The very first thing we did was ... shuugo!! I.e., Gather! Everything Japanese people do as a group starts and ends with Shuugo. So we all filed into a big room and sat down to be given an introduction to the Sanbe holiday camp, which has four key points: 1) greetings (always greet others in the camp); 2) self service (you have to do everything for yourself); 3) take your rubbish home; 4) time - dinners and such like are on a strict schedule. So we were shown the timetable for the day, with dinners set out on their strict time table and at the beginning and end of the day this mysterious phenomenon, 20 minutes of cleaning (including the toilets!) preceded by 20 minutes of ... tsudoi! I didn't think about it at the time, but it was there, waiting for us...

So then we gathered again, before setting off to our rooms. We collected sheets on the way and made our beds, and then we went to lunch, which was awful but involved an excellent regimented hand-washing process (including alcohol sprays!) beforehand. Then we had to do the actual work of the camp. At my last orientation camp, work was an hour long talk about what could be expected of uni. Not so here! The work was actually really tiring, tiring enough to be put in a separate post.

After work was the allotted time for dinner (again, awful!) and bathing (an interesting experience, never so bad as one expects, and again posted elsewhere in detail). Then came the drinking, which I have also described separately and which lasted (in the case of people other than me) until 5:30 am. At least some of my fellow students were rushing hand over mouth for the bathroom before breakfast, so I think some were up for a dire second day.


The second day started in an amusing fashion, at least for those of us not puking. I have described the details of our arisal and cleaning in the post on tsudoi, because really they aren’t separable. My confusion was not helped by my foggy head after very little sleep, but I think I survived my brush with death admirably, and was able to present myself at breakfast without too much risk of embarrassment. From there it was a mere hour and a half at breakfast, and 2 hours of (still) stupidly banging my head on the arse end of an induction problem which I would solve in 5 minutes the following day, and then it was home and hosed – we left Sanbe 3 minutes late, with me in exactly the same bus seat I arrived in. And I think 3 minutes late is pretty good when you have to round up 110 hungover college students.

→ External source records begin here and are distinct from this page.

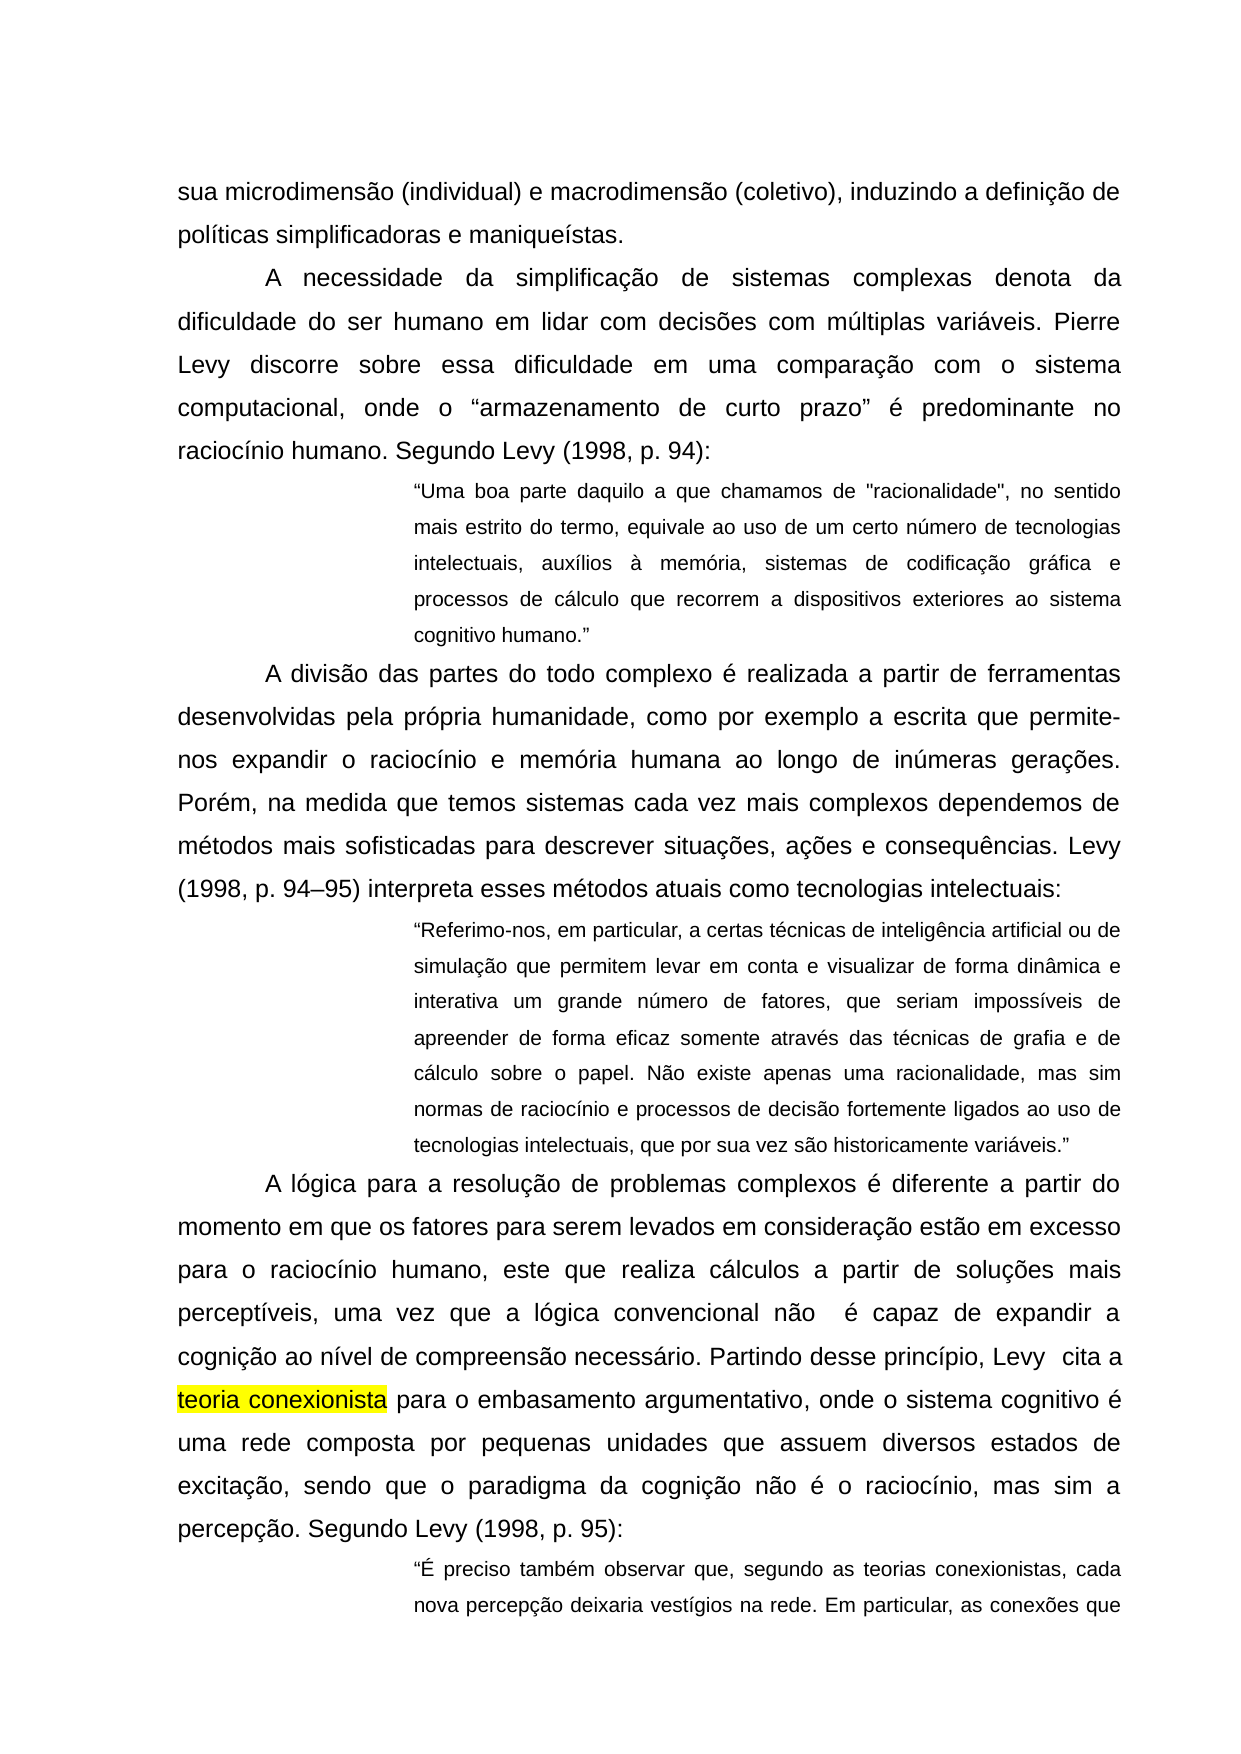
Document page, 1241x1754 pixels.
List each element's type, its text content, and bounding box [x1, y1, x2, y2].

text “Referimo-nos, em particular, a certas técnicas de inteligência artificial ou de simulação que permitem levar em conta e visualizar de forma dinâmica e interativa um grande número de fatores, que seriam impossíveis de apreender de forma eficaz somente através das técnicas de grafia e de cálculo sobre o papel. Não existe apenas uma racionalidade, mas sim normas de raciocínio e processos de decisão fortemente ligados ao uso de tecnologias intelectuais, que por sua vez são historicamente variáveis.” [413, 917, 1122, 1157]
text A necessidade da simplificação de sistemas complexas denota da dificuldade do ser humano em lidar com decisões com múltiplas variáveis. Pierre Levy discorre sobre essa dificuldade em uma comparação com o sistema computacional, onde o “armazenamento de curto prazo” é predominante no raciocínio humano. Segundo Levy (1998, p. 94): [177, 263, 1122, 465]
text A divisão das partes do todo complexo é realizada a partir de ferramentas desenvolvidas pela própria humanidade, como por exemplo a escrita que permite-nos expandir o raciocínio e memória humana ao longo de inúmeras gerações. Porém, na medida que temos sistemas cada vez mais complexos dependemos de métodos mais sofisticadas para descrever situações, ações e consequências. Levy (1998, p. 94–95) interpreta esses métodos atuais como tecnologias intelectuais: [177, 659, 1122, 903]
text sua microdimensão (individual) e macrodimensão (coletivo), induzindo a definição de políticas simplificadoras e maniqueístas. [177, 177, 1122, 249]
text “Uma boa parte daquilo a que chamamos de "racionalidade", no sentido mais estrito do termo, equivale ao uso de um certo número de tecnologias intelectuais, auxílios à memória, sistemas de codificação gráfica e processos de cálculo que recorrem a dispositivos exteriores ao sistema cognitivo humano.” [413, 479, 1122, 647]
text A lógica para a resolução de problemas complexos é diferente a partir do momento em que os fatores para serem levados em consideração estão em excesso para o raciocínio humano, este que realiza cálculos a partir de soluções mais perceptíveis, uma vez que a lógica convencional não é capaz de expandir a cognição ao nível de compreensão necessário. Partindo desse princípio, Levy cita a teoria conexionista para o embasamento argumentativo, onde o sistema cognitivo é uma rede composta por pequenas unidades que assuem diversos estados de excitação, sendo que o paradigma da cognição não é o raciocínio, mas sim a percepção. Segundo Levy (1998, p. 95): [177, 1169, 1122, 1543]
text “É preciso também observar que, segundo as teorias conexionistas, cada nova percepção deixaria vestígios na rede. Em particular, as conexões que [413, 1557, 1122, 1617]
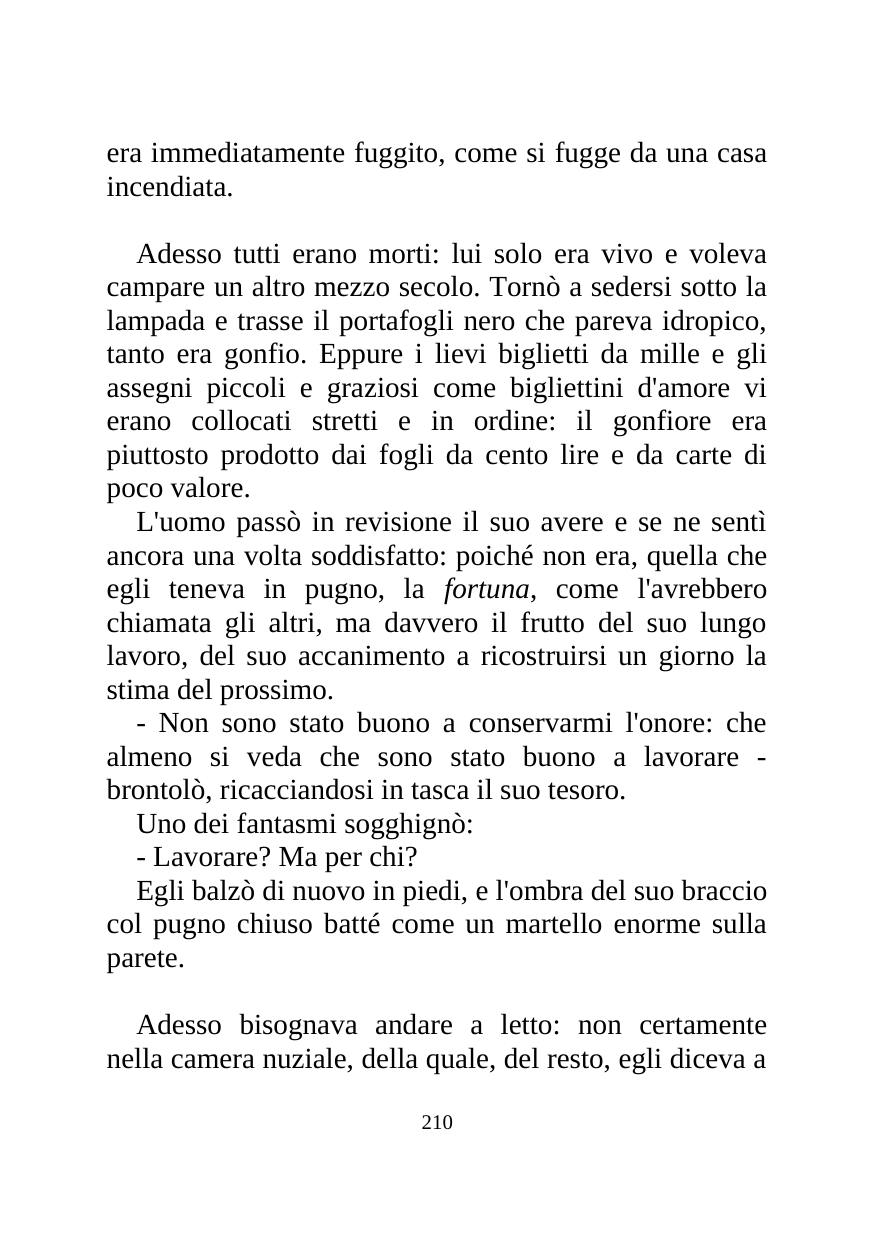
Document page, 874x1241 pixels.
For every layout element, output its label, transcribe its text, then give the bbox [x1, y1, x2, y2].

text - Lavorare? Ma per chi? [106, 839, 768, 873]
text era immediatamente fuggito, come si fugge da una casa incendiata. [106, 135, 768, 202]
text Adesso bisognava andare a letto: non certamente nella camera nuziale, della quale, del resto, egli diceva a [106, 1007, 768, 1074]
text Egli balzò di nuovo in piedi, e l'ombra del suo braccio col pugno chiuso batté come un martello enorme sulla parete. [106, 873, 768, 974]
text Uno dei fantasmi sogghignò: [106, 806, 768, 839]
text L'uomo passò in revisione il suo avere e se ne sentì ancora una volta soddisfatto: poiché non era, quella che egli teneva in pugno, la fortuna, come l'avrebbero chiamata gli altri, ma davvero il frutto del suo lungo lavoro, del suo accanimento a ricostruirsi un giorno la stima del prossimo. [106, 504, 768, 705]
text - Non sono stato buono a conservarmi l'onore: che almeno si veda che sono stato buono a lavorare - brontolò, ricacciandosi in tasca il suo tesoro. [106, 705, 768, 806]
text Adesso tutti erano morti: lui solo era vivo e voleva campare un altro mezzo secolo. Tornò a sedersi sotto la lampada e trasse il portafogli nero che pareva idropico, tanto era gonfio. Eppure i lievi biglietti da mille e gli assegni piccoli e graziosi come bigliettini d'amore vi erano collocati stretti e in ordine: il gonfiore era piuttosto prodotto dai fogli da cento lire e da carte di poco valore. [106, 236, 768, 504]
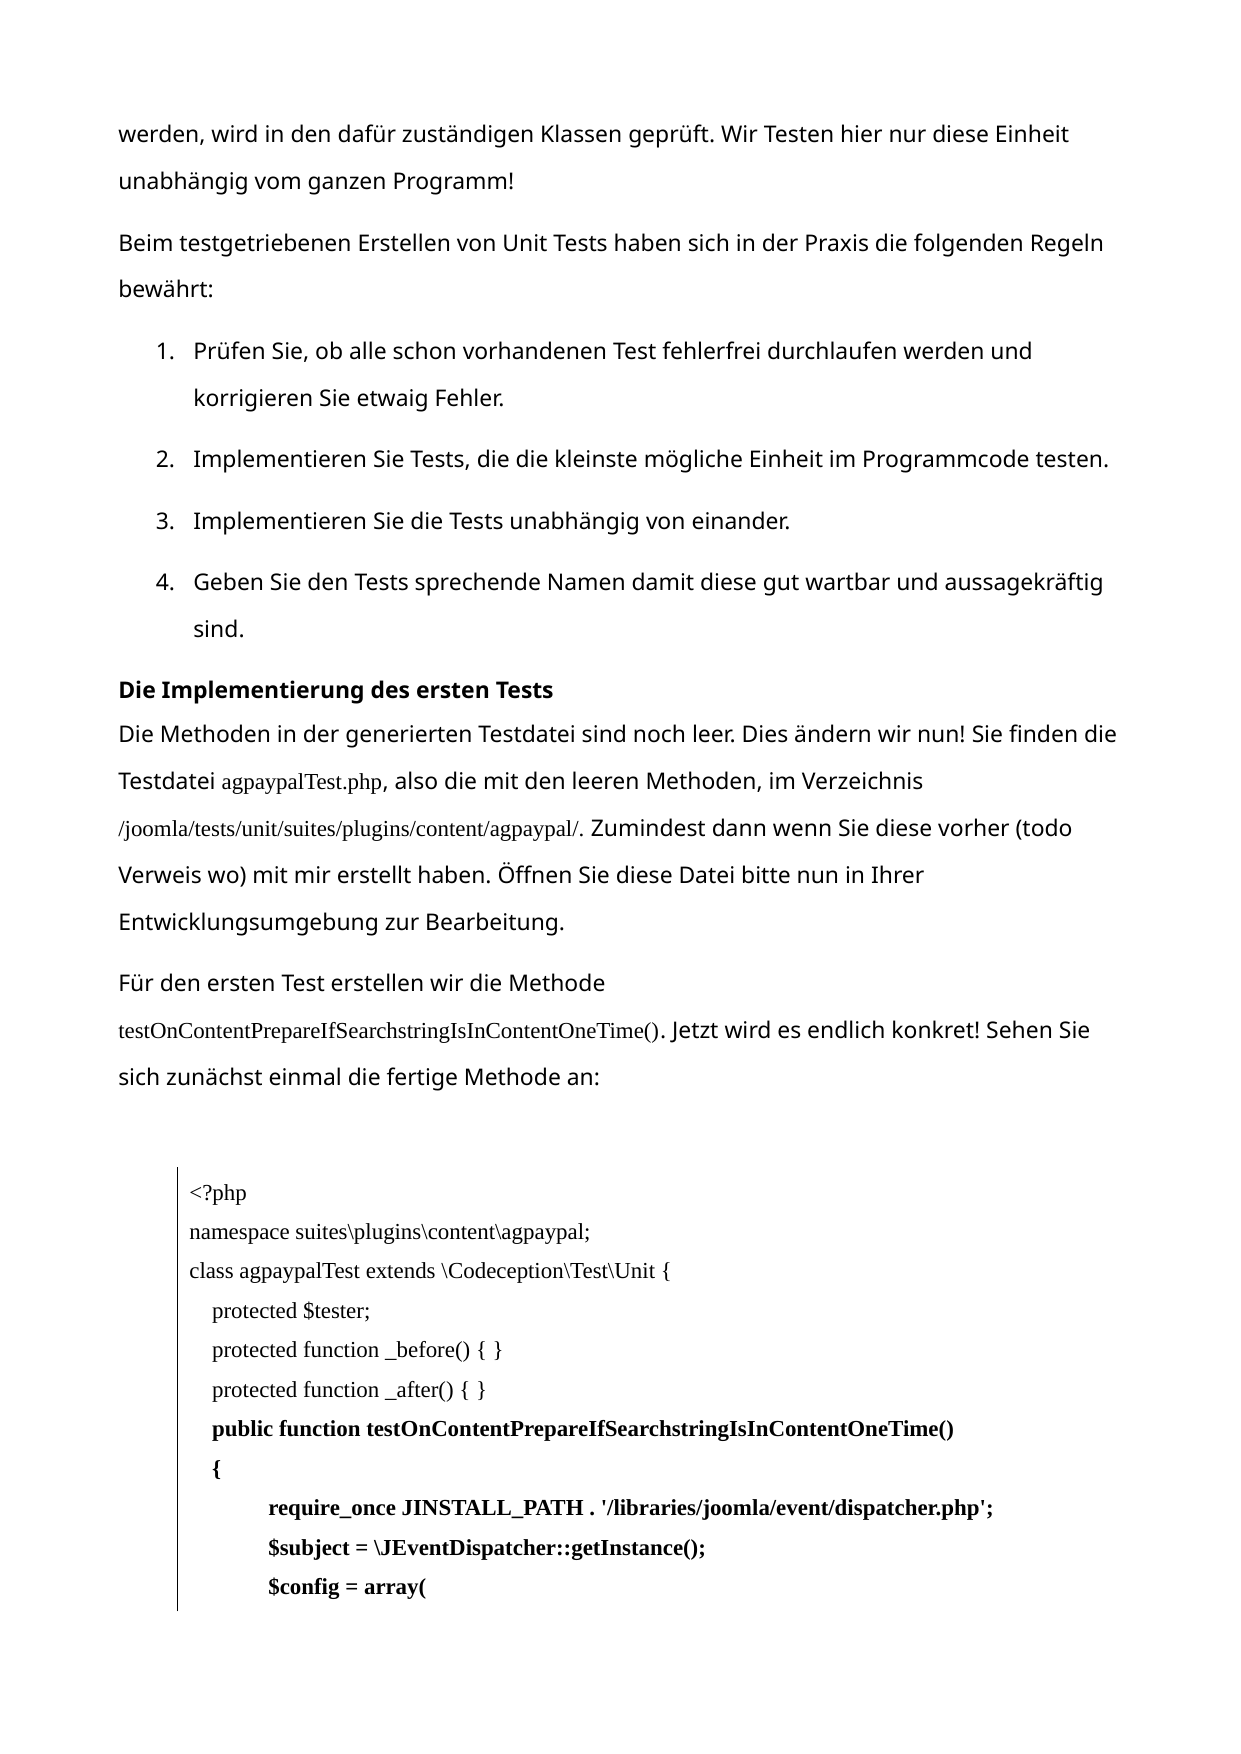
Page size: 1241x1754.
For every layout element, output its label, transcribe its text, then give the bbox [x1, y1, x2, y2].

text Für den ersten Test erstellen wir die Methode testOnContentPrepareIfSearchstringIsInContentOneTime(). Jetzt wird es endlich konkret! Sehen Sie sich zunächst einmal die fertige Methode an: [118, 967, 1122, 1092]
list Implementieren Sie die Tests unabhängig von einander. [156, 504, 1122, 536]
text werden, wird in den dafür zuständigen Klassen geprüft. Wir Testen hier nur diese Einheit unabhängig vom ganzen Programm! [118, 118, 1122, 196]
text Beim testgetriebenen Erstellen von Unit Tests haben sich in der Praxis die folgenden Regeln bewährt: [118, 226, 1122, 304]
text Die Methoden in der generierten Testdatei sind noch leer. Dies ändern wir nun! Sie finden die Testdatei agpaypalTest.php, also die mit den leeren Methoden, im Verzeichnis /joomla/tests/unit/suites/plugins/content/agpaypal/. Zumindest dann wenn Sie diese vorher (todo Verweis wo) mit mir erstellt haben. Öffnen Sie diese Datei bitte nun in Ihrer Entwicklungsumgebung zur Bearbeitung. [118, 718, 1122, 937]
text <?php namespace suites\plugins\content\agpaypal; class agpaypalTest extends \Codeception\Test\Unit { protected $tester; protected function _before() { } protected function _after() { } public function testOnContentPrepareIfSearchstringIsInContentOneTime() { require_once JINSTALL_PATH . '/libraries/joomla/event/dispatcher.php'; $subject = \JEventDispatcher::getInstance(); $config = array( [178, 1167, 1122, 1611]
list Implementieren Sie Tests, die die kleinste mögliche Einheit im Programmcode testen. [156, 443, 1122, 474]
subtitle Die Implementierung des ersten Tests [118, 674, 1122, 706]
list Prüfen Sie, ob alle schon vorhandenen Test fehlerfrei durchlaufen werden und korrigieren Sie etwaig Fehler. [156, 335, 1122, 413]
list Geben Sie den Tests sprechende Namen damit diese gut wartbar und aussagekräftig sind. [156, 566, 1122, 644]

So that, dear reader, was my Orientation Camp, which has left me truly disoriented and discombobulated, and completely at a loss as to anything. I think I was meant to meet everyone and generally relax with them, but this went the way things always go with me – everyone now knows me and knows my name, and will remember it because they always do; and I didn’t even hear 90% of their names, and the other 10% sounded like “Sshhshhhnn” or I forgot them straight away (I could do a whole post on how hard it is to even hear people when they say their names in this country, let alone understand them – Japanese has a strange rhythm); so now everyone is saying hello to me and, to confound it all, I met them properly at the drinking binge, which was after the bath, so everyone’s hair was floppy, and I tell all these 18 year olds apart by their hair, so I can only remember Tamadani (who told me his first name 3 times, but buggered if I can remember it or if I even caught it); because his hair is dyed, and everyone else was just floppy. So there you go. 100 more people now know that I’m a big rude red faced foreigner with a tattoo and a ***** dick who is always late, doesn’t attend compulsory pep talks, and can’t remember their names.